Turtle is the three-year-old child who is left with Taylor in Oklahoma.

Lou Ann lives in Tucson and has a baby named Dwayne Ray. She is also originally from Kentucky and is Taylor's roommate.

Esperanza and Estevan are Guatemalan refugees that Taylor meets in Arizona.

Mattie is the owner of "Jesus is Lord Used Tires." She grows vegetables and beans in her garden, which is filled with tire parts. Her home is a place where undocumented immigrants stay.

Major themes 
The Bean Trees is a coming-of-age novel.

Barbara Kingsolver uses a nonstandard perspective to share the characters' adventures and the world they live in. The use of nonwhite mythology, anti-western sentiment, and not using the typical form of male adventure, allowed the author to explore the world where women were powerful and had a voice.

The novel shares negative traumatic experiences of the characters and people they meet, like Native Americans and Guatemalan refugees. While those scenes demonstrate qualities like sympathy and concern, they contribute to the overall spirit of the story being positive and uplifting.

The protagonist is raised by a single mother, which helps to develop themes of motherhood and nontraditional family values throughout the story, as Taylor, herself becomes Turtle's parent. The novel further explores nontraditional extended family through the relationships between the members of the community.

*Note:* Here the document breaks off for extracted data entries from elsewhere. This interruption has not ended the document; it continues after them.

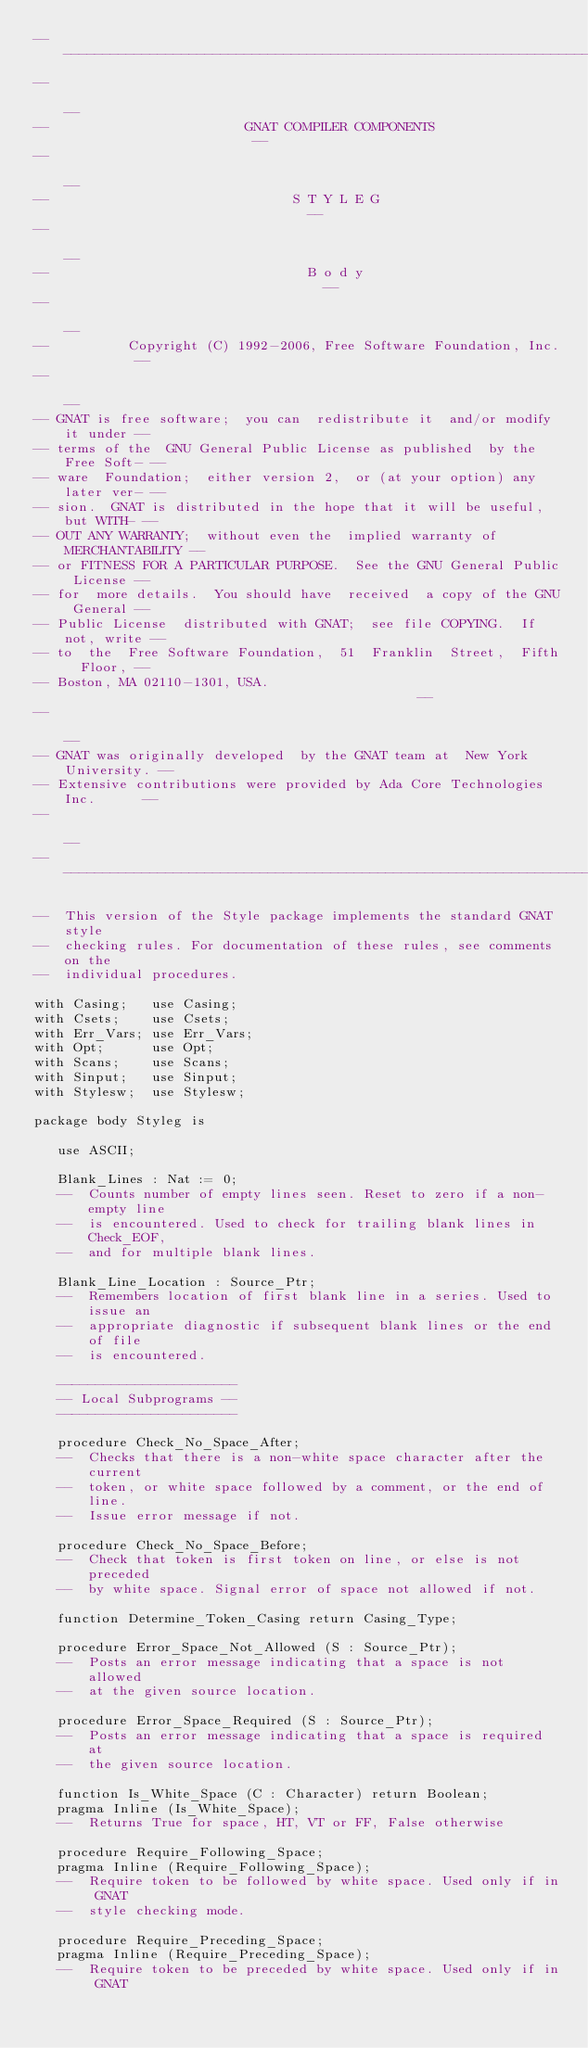Convert code to text. <code><loc_0><loc_0><loc_500><loc_500><_Ada_>------------------------------------------------------------------------------
--                                                                          --
--                         GNAT COMPILER COMPONENTS                         --
--                                                                          --
--                               S T Y L E G                                --
--                                                                          --
--                                 B o d y                                  --
--                                                                          --
--          Copyright (C) 1992-2006, Free Software Foundation, Inc.         --
--                                                                          --
-- GNAT is free software;  you can  redistribute it  and/or modify it under --
-- terms of the  GNU General Public License as published  by the Free Soft- --
-- ware  Foundation;  either version 2,  or (at your option) any later ver- --
-- sion.  GNAT is distributed in the hope that it will be useful, but WITH- --
-- OUT ANY WARRANTY;  without even the  implied warranty of MERCHANTABILITY --
-- or FITNESS FOR A PARTICULAR PURPOSE.  See the GNU General Public License --
-- for  more details.  You should have  received  a copy of the GNU General --
-- Public License  distributed with GNAT;  see file COPYING.  If not, write --
-- to  the  Free Software Foundation,  51  Franklin  Street,  Fifth  Floor, --
-- Boston, MA 02110-1301, USA.                                              --
--                                                                          --
-- GNAT was originally developed  by the GNAT team at  New York University. --
-- Extensive contributions were provided by Ada Core Technologies Inc.      --
--                                                                          --
------------------------------------------------------------------------------

--  This version of the Style package implements the standard GNAT style
--  checking rules. For documentation of these rules, see comments on the
--  individual procedures.

with Casing;   use Casing;
with Csets;    use Csets;
with Err_Vars; use Err_Vars;
with Opt;      use Opt;
with Scans;    use Scans;
with Sinput;   use Sinput;
with Stylesw;  use Stylesw;

package body Styleg is

   use ASCII;

   Blank_Lines : Nat := 0;
   --  Counts number of empty lines seen. Reset to zero if a non-empty line
   --  is encountered. Used to check for trailing blank lines in Check_EOF,
   --  and for multiple blank lines.

   Blank_Line_Location : Source_Ptr;
   --  Remembers location of first blank line in a series. Used to issue an
   --  appropriate diagnostic if subsequent blank lines or the end of file
   --  is encountered.

   -----------------------
   -- Local Subprograms --
   -----------------------

   procedure Check_No_Space_After;
   --  Checks that there is a non-white space character after the current
   --  token, or white space followed by a comment, or the end of line.
   --  Issue error message if not.

   procedure Check_No_Space_Before;
   --  Check that token is first token on line, or else is not preceded
   --  by white space. Signal error of space not allowed if not.

   function Determine_Token_Casing return Casing_Type;

   procedure Error_Space_Not_Allowed (S : Source_Ptr);
   --  Posts an error message indicating that a space is not allowed
   --  at the given source location.

   procedure Error_Space_Required (S : Source_Ptr);
   --  Posts an error message indicating that a space is required at
   --  the given source location.

   function Is_White_Space (C : Character) return Boolean;
   pragma Inline (Is_White_Space);
   --  Returns True for space, HT, VT or FF, False otherwise

   procedure Require_Following_Space;
   pragma Inline (Require_Following_Space);
   --  Require token to be followed by white space. Used only if in GNAT
   --  style checking mode.

   procedure Require_Preceding_Space;
   pragma Inline (Require_Preceding_Space);
   --  Require token to be preceded by white space. Used only if in GNAT</code> 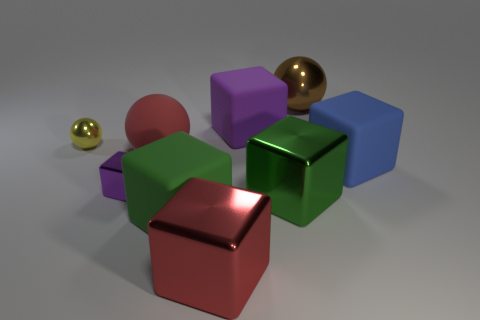How many other things are there of the same size as the brown sphere?
Make the answer very short. 6. There is a metal object behind the small yellow shiny thing; is its shape the same as the yellow object?
Give a very brief answer. Yes. How many other things are there of the same shape as the small purple shiny object?
Offer a terse response. 5. There is a purple thing that is in front of the blue rubber cube; what is its shape?
Provide a succinct answer. Cube. Is there a red sphere that has the same material as the large blue thing?
Provide a succinct answer. Yes. There is a rubber thing that is behind the red matte sphere; is it the same color as the small metal cube?
Offer a terse response. Yes. The yellow shiny ball is what size?
Your response must be concise. Small. There is a big green cube that is to the right of the large matte block that is in front of the small purple shiny object; are there any rubber things that are left of it?
Offer a terse response. Yes. There is a red sphere; how many rubber blocks are left of it?
Your answer should be compact. 0. What number of other tiny balls are the same color as the small metallic ball?
Give a very brief answer. 0. 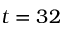Convert formula to latex. <formula><loc_0><loc_0><loc_500><loc_500>t = 3 2</formula>

It conveys the idea of interdependence and interaction, community's importance to each individual's life, and balance between independence and a sense of belonging. It also addresses the issue of parenthood through adoption. The novel makes reference to the issue of Native American parental rights as well.

The Bean Trees also portrays the effects of child abuse.

It portrays undocumented immigration from Latin America as some characters facilitate immigrants' escape from persecution.

At least one reader, familiar with Native American adoption rights, thought that the sequel, Pigs in Heaven, was written to correct misconceptions in the first book by Barbara Kingsolver. Themes of love and nurturing emerge from the violence and poverty that the characters face. The book conveys multiple symbolic meanings about shared motherhood, life and death, and beauty. The underlying themes not always recognized include those about mockery toward the judicial system, the flawed coping strategies of current-day issues, and the strength of friendship.

Style 
Jack Butler wrote for the New York Times, "The Bean Trees is as richly connected as a fine poem, but reads like realism."

Kingsolver employs irony in order to emphasize the changes to Taylor's lifestyle by the end of the novel.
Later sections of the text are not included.